I've read about secondary hypogonadism. And I think I have an idea why. See under times of stress GNRH production in the brain is reduced. What happens is that as cortisol( autochthonous glucorticoids) increases... the body releases GnIH. It's a survival mechanisms as cortisol is needed for the bodys function, under stress. Once threat, disease state or general threat state ends. Cortisol goes down and stops mediating GnIH(Which was recently discovered in birds). GnIH, is sort of a switch off, of fertility hormones like lutenizing hormone and follicle stimulating hormone. Which are essential for fertility and sexuality. My idea is that otherwise healthy men, who experience, depression, poor sleep(insomnia), sleep deprivation, poor nutrition, obesity, overtraining, basically being in a state of chronic stress. Put themselves at risk of GnIH production being stuck in the GnIH loop. So instead of the body returning to normalize GNRH production. The body continues producing GnIH, even after. The feedback loop itself is stuck rather than damaged. Which is why on MRIs the hypothalamus/Pituary glands look completely undamaged. What happens isn't actual damage to the structure of those glands. But rather like throwing a monkey wrench inside of the structure. The only way to actually see hypogonadism in this case, would be to actually look into the glands activities, which MRI's can't do on a microlevel.
The other reason is pituary. GNRH fails to stimulate the pituary gland.
Inflammatory conditions can also risk creating similar problems, by chronically adding potent glucortecorteroids to the body. So while asthma meds/inflammatory meds help with regulating a inflammatory condition, you create artificial stress in body. Inflammatory conditions are caused by lack of equilibrium of Homocysteine. Which is created by having an incomplete immune system, plus disorder susceptibilities. By adding the artificial stress response, you're not actually addressing the problem. You're just creating artificial stress modulation. You're not restoring the immune system imbalance.
Samething with TRT/HRT. You're not addressing the underlying issue. You're just replacing the capacity for production that is lost. Which Is understandable.. since the technology necessary doesn't exist yet. My hope is that somehow stemcells can act by replacing or inducing damaged or malfunctioning cells in the hypothalamus and pituary glands to start producing GNRH.
What is the loop? I'm seeing how stress means increased cortisol, which means increased GnIH, which means lower testosterone. Okay, good. But I see no loop in this? I only see the power of chronic stressors, which in the case of depression are sometimes external (i.e., adaptive in that a person is depressed because of stuff happening around him, e.g., someone very close dies), but for the vast majority of the time (especially with recurring depression) are internal, mediated by cognitions (thoughts, beliefs), in that a person is *really* depressed because (as Sapolsky says) the cerebral cortex (advanced thinking, meaning) is feeding false information (thoughts, beliefs) that are stressful in content to the limbic system (emotion).

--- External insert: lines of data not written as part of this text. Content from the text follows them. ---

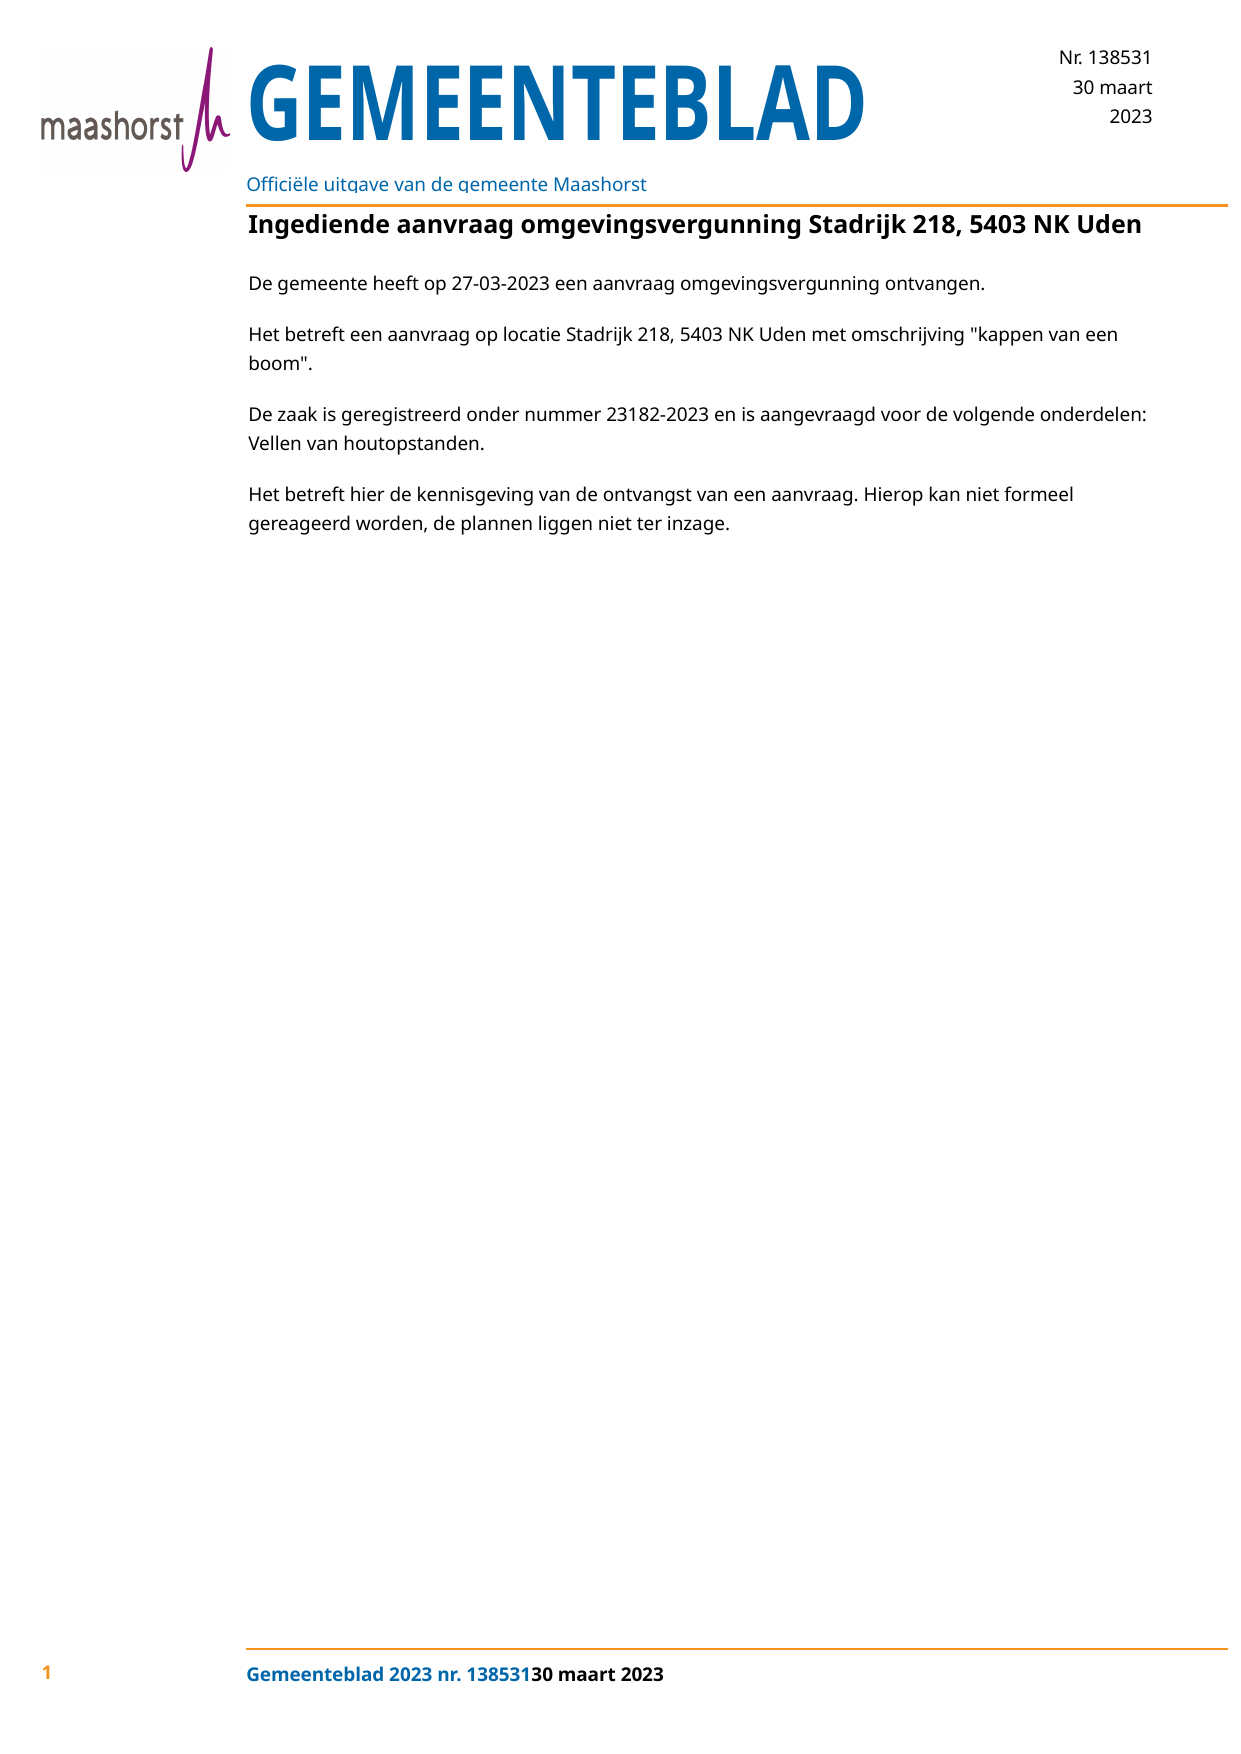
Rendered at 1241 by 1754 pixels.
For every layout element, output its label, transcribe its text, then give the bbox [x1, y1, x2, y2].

text Het betreft een aanvraag op locatie Stadrijk 218, 5403 NK Uden met omschrijving "kappen van een boom". [248, 321, 1152, 376]
text De gemeente heeft op 27-03-2023 een aanvraag omgevingsvergunning ontvangen. [248, 270, 1152, 296]
text Ingediende aanvraag omgevingsvergunning Stadrijk 218, 5403 NK Uden [248, 207, 1152, 241]
text Het betreft hier de kennisgeving van de ontvangst van een aanvraag. Hierop kan niet formeel gereageerd worden, de plannen liggen niet ter inzage. [248, 481, 1152, 536]
text De zaak is geregistreerd onder nummer 23182-2023 en is aangevraagd voor de volgende onderdelen: Vellen van houtopstanden. [248, 401, 1152, 456]
picture [41, 47, 231, 172]
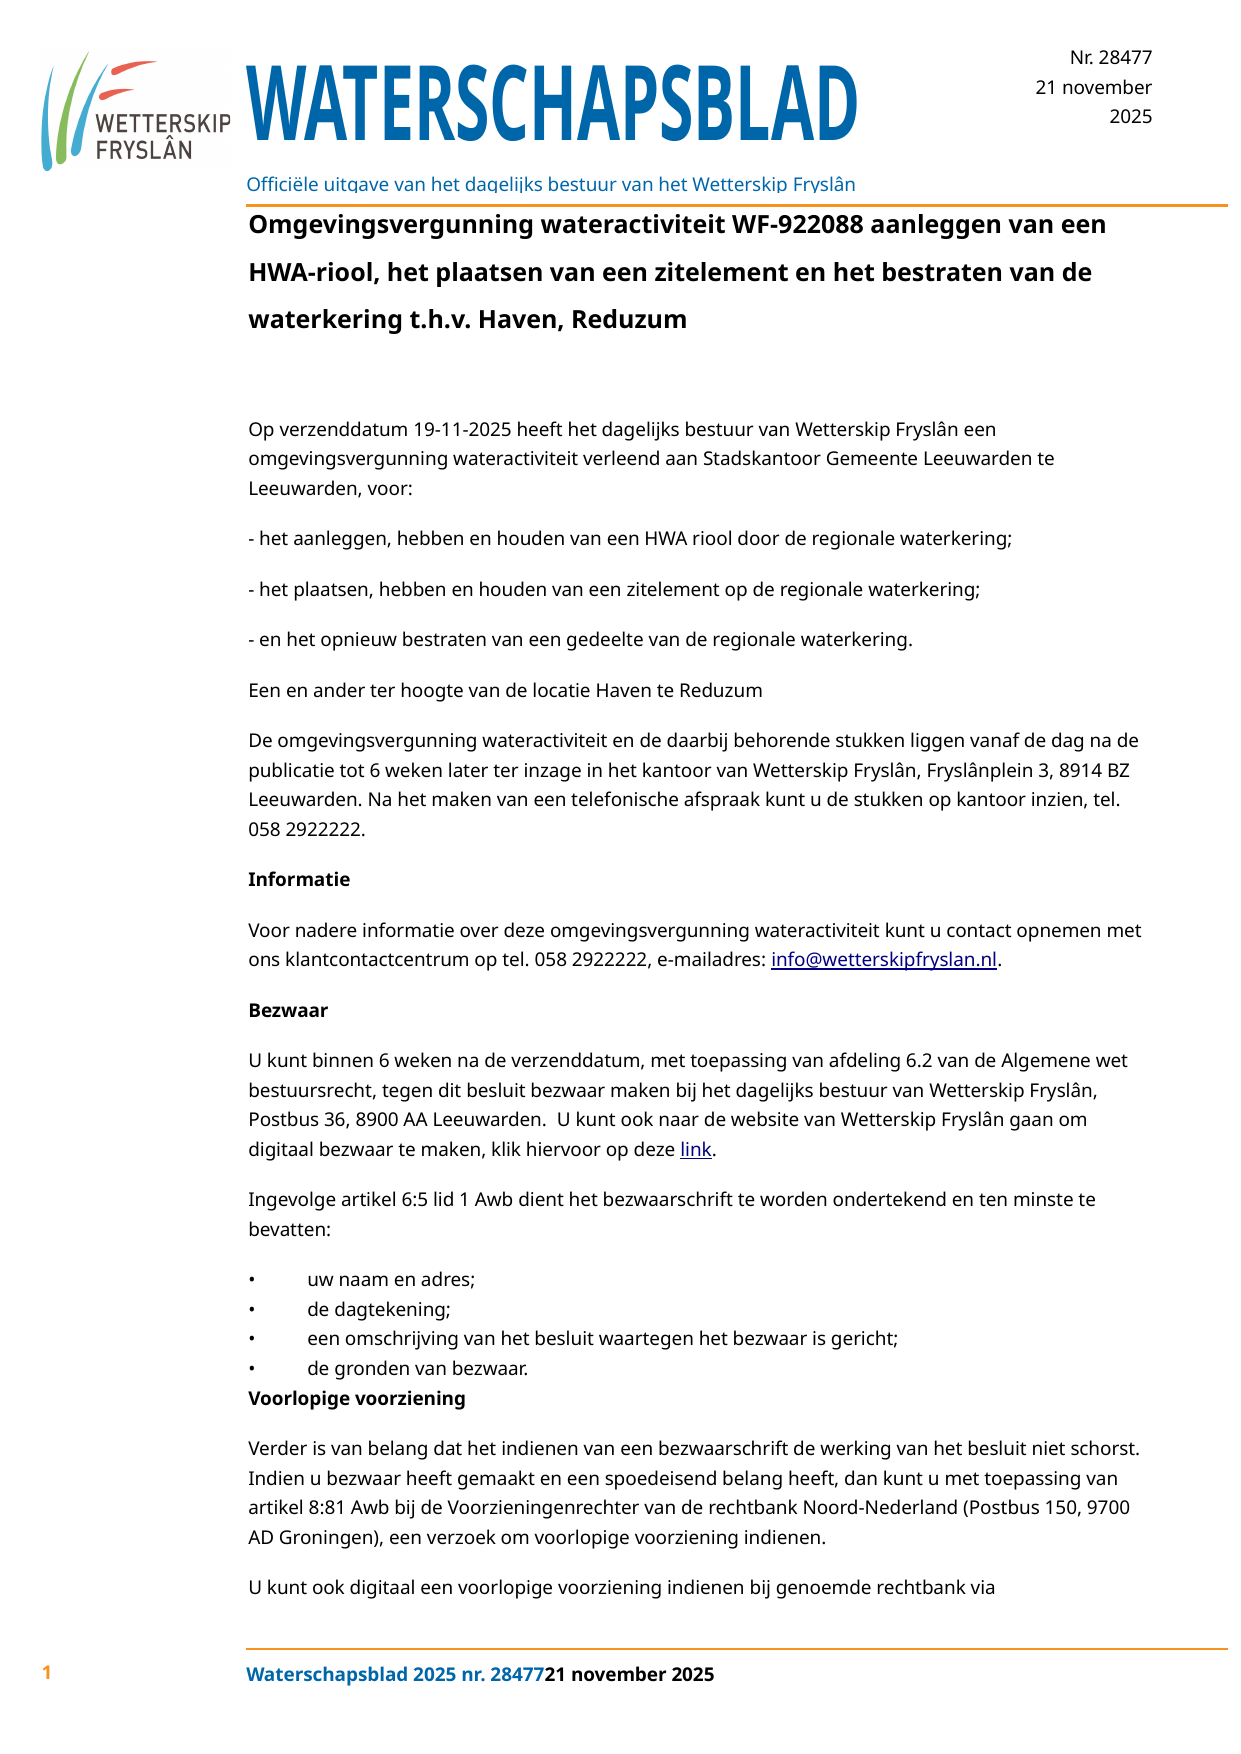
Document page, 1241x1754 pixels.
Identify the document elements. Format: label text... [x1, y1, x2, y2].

text Ingevolge artikel 6:5 lid 1 Awb dient het bezwaarschrift te worden ondertekend en ten minste te bevatten: [248, 1186, 1152, 1242]
list de gronden van bezwaar. [248, 1355, 1152, 1381]
list de dagtekening; [248, 1296, 1152, 1322]
text Een en ander ter hoogte van de locatie Haven te Reduzum [248, 677, 1152, 702]
text Omgevingsvergunning wateractiviteit WF-922088 aanleggen van een HWA-riool, het plaatsen van een zitelement en het bestraten van de waterkering t.h.v. Haven, Reduzum [248, 207, 1152, 336]
text Verder is van belang dat het indienen van een bezwaarschrift de werking van het besluit niet schorst. Indien u bezwaar heeft gemaakt en een spoedeisend belang heeft, dan kunt u met toepassing van artikel 8:81 Awb bij de Voorzieningenrechter van de rechtbank Noord-Nederland (Postbus 150, 9700 AD Groningen), een verzoek om voorlopige voorziening indienen. [248, 1435, 1152, 1549]
text Op verzenddatum 19-11-2025 heeft het dagelijks bestuur van Wetterskip Fryslân een omgevingsvergunning wateractiviteit verleend aan Stadskantoor Gemeente Leeuwarden te Leeuwarden, voor: [248, 416, 1152, 501]
text U kunt ook digitaal een voorlopige voorziening indienen bij genoemde rechtbank via [248, 1574, 1152, 1600]
text De omgevingsvergunning wateractiviteit en de daarbij behorende stukken liggen vanaf de dag na de publicatie tot 6 weken later ter inzage in het kantoor van Wetterskip Fryslân, Fryslânplein 3, 8914 BZ Leeuwarden. Na het maken van een telefonische afspraak kunt u de stukken op kantoor inzien, tel. 058 2922222. [248, 727, 1152, 842]
text - en het opnieuw bestraten van een gedeelte van de regionale waterkering. [248, 626, 1152, 652]
text Voor nadere informatie over deze omgevingsvergunning wateractiviteit kunt u contact opnemen met ons klantcontactcentrum op tel. 058 2922222, e-mailadres: info@wetterskipfryslan.nl. [248, 917, 1152, 972]
text - het aanleggen, hebben en houden van een HWA riool door de regionale waterkering; [248, 526, 1152, 551]
text Informatie [248, 866, 1152, 892]
text Voorlopige voorziening [248, 1385, 1152, 1410]
text - het plaatsen, hebben en houden van een zitelement op de regionale waterkering; [248, 576, 1152, 602]
text U kunt binnen 6 weken na de verzenddatum, met toepassing van afdeling 6.2 van de Algemene wet bestuursrecht, tegen dit besluit bezwaar maken bij het dagelijks bestuur van Wetterskip Fryslân, Postbus 36, 8900 AA Leeuwarden. U kunt ook naar de website van Wetterskip Fryslân gaan om digitaal bezwaar te maken, klik hiervoor op deze link. [248, 1047, 1152, 1162]
text Bezwaar [248, 997, 1152, 1022]
list een omschrijving van het besluit waartegen het bezwaar is gericht; [248, 1326, 1152, 1351]
list uw naam en adres; [248, 1266, 1152, 1292]
picture [41, 47, 231, 172]

I think it would be more precise to say that people with a tendency toward depression have:
1) a genetic or environmental influence toward a deficiency with cortisol (which is essential because it *tones down* the more primary norepinephrine release, which causes the brain to release CRH to the pituitary, which releases ACTH, which in turn releases more norepinephrine, epinephrine, cortisol, and other adrenal hormones such as DHEA, pregnenolone, etc., and then the cortisol is used to "tell" the hypothalamus to tone it down on CRH --> less ACTH --> less adrenal hormones),
2) a deficiency (again genetic or environmental) with testosterone (which means higher cortisol because cortisol is inversely related to T, and therefore presumably higher epinephrine/norepinephrine because these latter hormones coincide with the release of cortisol in the adrenals),
3) a chronic stress situation that involves an adaptive depression and therefore *isn't* affected by magnified cognitions causing more depression than "necessary" (hence more norepinephrine --> higher CRH, ACTH, adrenal hormones including epi/norepi, cortisol, etc.), and/or
4) a chronic internalization of stress in terms of distorted thinking (which means the cortex is feeding the limbic system more "lies" which the limbic system knows no better about and still gets stressed over, meaning more norepinephrine to start the increase in CRH --> high ACTH, adrenal hormones, higher cortisol, and so on in proportion to [and as long as the continuation of] the original release of norepinephrine from the falsely perceived stressful event because of bad cognitions).